→ Exercise requirements
Count how many lines in the entries below hold "each". Only the number belongs in the answer.

→ Provided data

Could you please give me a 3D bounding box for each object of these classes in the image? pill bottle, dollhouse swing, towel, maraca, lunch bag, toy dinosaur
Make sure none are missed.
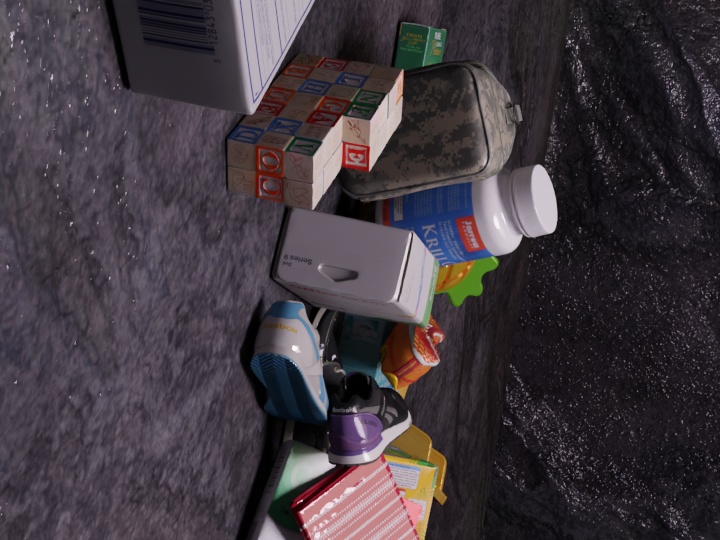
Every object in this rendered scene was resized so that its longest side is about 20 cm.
[{"bbox_3d":[0.128,-0.067,1.648,0.112,0.199,0.113,33,51,-54],"label":"pill bottle"},{"bbox_3d":[0.089,0.224,2.085,0.176,0.181,0.200,-55,161,-9],"label":"dollhouse swing"},{"bbox_3d":[0.005,0.318,1.579,0.144,0.022,0.201,-32,108,-35],"label":"towel"},{"bbox_3d":[0.112,-0.025,1.901,0.199,0.107,0.138,27,99,-37],"label":"maraca"},{"bbox_3d":[0.074,-0.160,1.591,0.168,0.199,0.141,-10,89,-69],"label":"lunch bag"},{"bbox_3d":[0.015,-0.077,1.782,0.200,0.060,0.107,-73,-175,-73],"label":"toy dinosaur"}]

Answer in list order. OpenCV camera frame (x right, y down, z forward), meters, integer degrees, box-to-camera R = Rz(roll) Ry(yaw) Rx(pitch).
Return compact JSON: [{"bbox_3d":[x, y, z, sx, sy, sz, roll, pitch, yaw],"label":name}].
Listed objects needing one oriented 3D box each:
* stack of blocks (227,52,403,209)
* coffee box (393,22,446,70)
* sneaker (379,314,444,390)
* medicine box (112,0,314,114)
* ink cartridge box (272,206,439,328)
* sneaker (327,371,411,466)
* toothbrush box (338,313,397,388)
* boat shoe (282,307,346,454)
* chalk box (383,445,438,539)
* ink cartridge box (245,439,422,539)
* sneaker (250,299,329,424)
[{"bbox_3d":[-0.040,-0.137,1.336,0.200,0.114,0.059,-60,157,-53],"label":"stack of blocks"},{"bbox_3d":[0.070,-0.232,1.864,0.123,0.044,0.202,-29,130,-72],"label":"coffee box"},{"bbox_3d":[0.056,0.085,1.698,0.073,0.077,0.200,53,15,-5],"label":"sneaker"},{"bbox_3d":[-0.100,-0.252,1.015,0.183,0.102,0.201,86,20,-48],"label":"medicine box"},{"bbox_3d":[0.000,0.000,1.546,0.200,0.144,0.088,34,68,-75],"label":"ink cartridge box"},{"bbox_3d":[0.012,0.153,1.602,0.200,0.075,0.088,-44,130,-72],"label":"sneaker"},{"bbox_3d":[0.007,0.074,1.770,0.146,0.085,0.202,-20,119,-73],"label":"toothbrush box"},{"bbox_3d":[-0.041,0.137,1.664,0.072,0.067,0.202,34,66,-74],"label":"boat shoe"},{"bbox_3d":[-0.002,0.277,1.738,0.200,0.124,0.125,-171,-87,-70],"label":"chalk box"},{"bbox_3d":[-0.027,0.307,1.583,0.050,0.199,0.162,-27,-139,65],"label":"ink cartridge box"},{"bbox_3d":[-0.069,0.107,1.505,0.200,0.076,0.081,83,17,-60],"label":"sneaker"}]
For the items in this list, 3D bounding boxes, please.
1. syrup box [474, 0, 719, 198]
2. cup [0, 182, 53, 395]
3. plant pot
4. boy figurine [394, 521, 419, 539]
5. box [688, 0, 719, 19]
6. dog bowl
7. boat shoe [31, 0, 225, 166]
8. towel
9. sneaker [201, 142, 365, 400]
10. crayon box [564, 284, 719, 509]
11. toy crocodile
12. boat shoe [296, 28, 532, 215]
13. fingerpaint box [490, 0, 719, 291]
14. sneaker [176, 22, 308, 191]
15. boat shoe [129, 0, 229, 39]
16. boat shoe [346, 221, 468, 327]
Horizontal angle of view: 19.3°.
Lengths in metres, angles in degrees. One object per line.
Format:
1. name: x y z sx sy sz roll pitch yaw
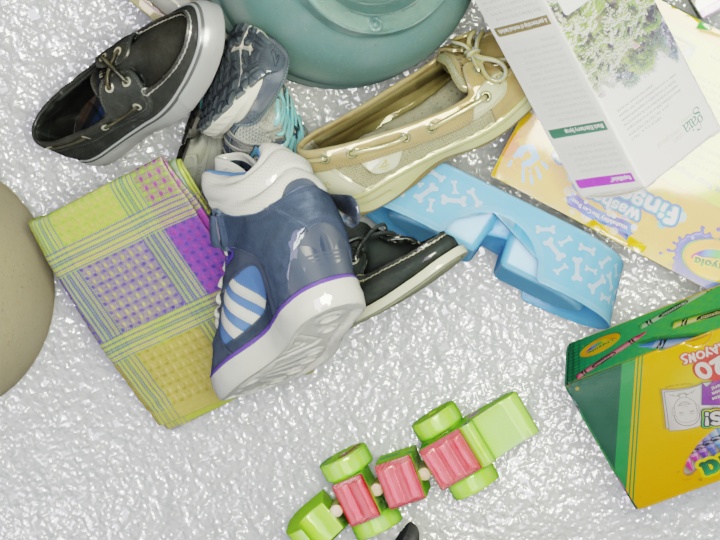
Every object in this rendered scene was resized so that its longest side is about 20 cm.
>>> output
1. syrup box: 0.147 -0.153 1.392 0.079 0.081 0.200 -36 105 -25
2. cup: -0.337 0.022 1.529 0.200 0.143 0.201 1 98 6
3. plant pot: -0.003 -0.221 1.447 0.200 0.134 0.201 -2 98 -12
4. boy figurine: 0.101 0.266 1.556 0.200 0.064 0.124 30 126 0
5. box: 0.317 -0.243 1.486 0.200 0.041 0.039 -30 93 10
6. dog bowl: 0.097 -0.024 1.506 0.200 0.111 0.050 27 83 2
7. boat shoe: -0.165 -0.129 1.488 0.200 0.057 0.069 -36 57 46
8. towel: -0.138 0.020 1.537 0.143 0.023 0.200 -24 111 27
9. sneaker: -0.069 -0.007 1.461 0.080 0.200 0.147 -14 74 -28
10. crayon box: 0.257 0.075 1.468 0.200 0.058 0.119 -23 115 18
11. toy crocodile: 0.036 0.150 1.555 0.200 0.062 0.068 -26 94 8
12. boat shoe: 0.050 -0.117 1.454 0.201 0.073 0.063 -33 129 6
13. fingerpaint box: 0.218 -0.095 1.498 0.200 0.073 0.167 27 98 2
14. sneaker: -0.070 -0.108 1.483 0.086 0.200 0.078 17 68 -11
15. boat shoe: -0.148 -0.223 1.524 0.068 0.075 0.200 -43 102 8
16. boat shoe: 0.002 -0.001 1.491 0.074 0.199 0.066 -28 89 -30
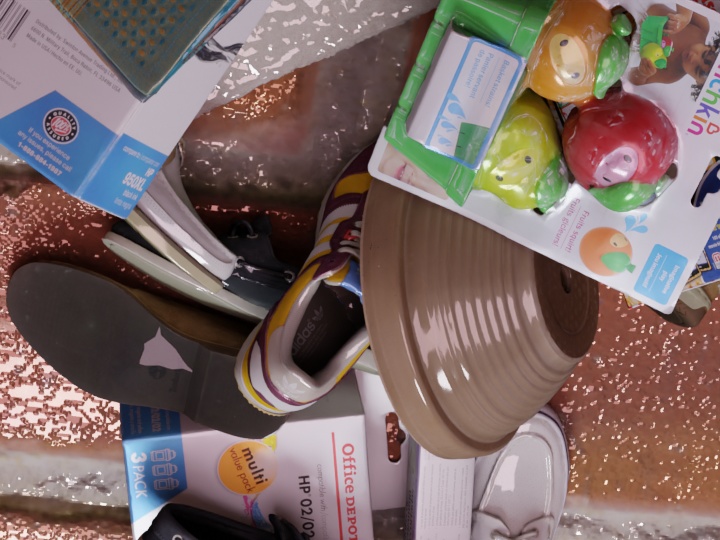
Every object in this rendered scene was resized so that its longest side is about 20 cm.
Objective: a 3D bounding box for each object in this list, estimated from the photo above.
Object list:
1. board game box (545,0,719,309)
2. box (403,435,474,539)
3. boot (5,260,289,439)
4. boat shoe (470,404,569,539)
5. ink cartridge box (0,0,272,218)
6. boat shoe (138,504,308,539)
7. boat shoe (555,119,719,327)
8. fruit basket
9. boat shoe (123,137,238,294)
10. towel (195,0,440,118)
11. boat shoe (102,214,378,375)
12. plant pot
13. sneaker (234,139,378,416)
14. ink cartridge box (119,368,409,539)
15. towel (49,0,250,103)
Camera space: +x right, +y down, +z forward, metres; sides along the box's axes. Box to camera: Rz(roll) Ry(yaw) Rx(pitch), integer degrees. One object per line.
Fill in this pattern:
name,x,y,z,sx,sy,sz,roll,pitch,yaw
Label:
board game box,0.180,-0.089,1.639,0.046,0.151,0.201,-22,91,-30
box,0.053,0.112,1.797,0.041,0.039,0.201,-1,105,-10
boot,-0.130,0.045,1.757,0.199,0.075,0.074,24,112,5
boat shoe,0.099,0.184,1.838,0.070,0.070,0.201,9,114,-10
ink cartridge box,-0.146,-0.155,1.588,0.144,0.084,0.200,36,93,19
boat shoe,-0.050,0.193,1.737,0.199,0.075,0.063,16,111,-20
boat shoe,0.160,-0.053,1.745,0.200,0.072,0.076,42,79,-21
fruit basket,0.121,-0.087,1.561,0.199,0.094,0.186,29,120,8
boat shoe,-0.139,-0.075,1.666,0.068,0.075,0.200,-44,91,-4
towel,-0.053,-0.184,1.672,0.199,0.035,0.133,-23,117,6
boat shoe,-0.063,-0.001,1.740,0.198,0.075,0.066,24,83,-4
plant pot,0.085,0.012,1.674,0.092,0.201,0.202,-8,119,28
sneaker,0.000,0.000,1.676,0.075,0.090,0.201,32,71,-14
ink cartridge box,-0.053,0.133,1.799,0.199,0.068,0.116,-7,116,-4
towel,-0.129,-0.210,1.537,0.147,0.022,0.200,-44,69,4

→ Result of the exercise
3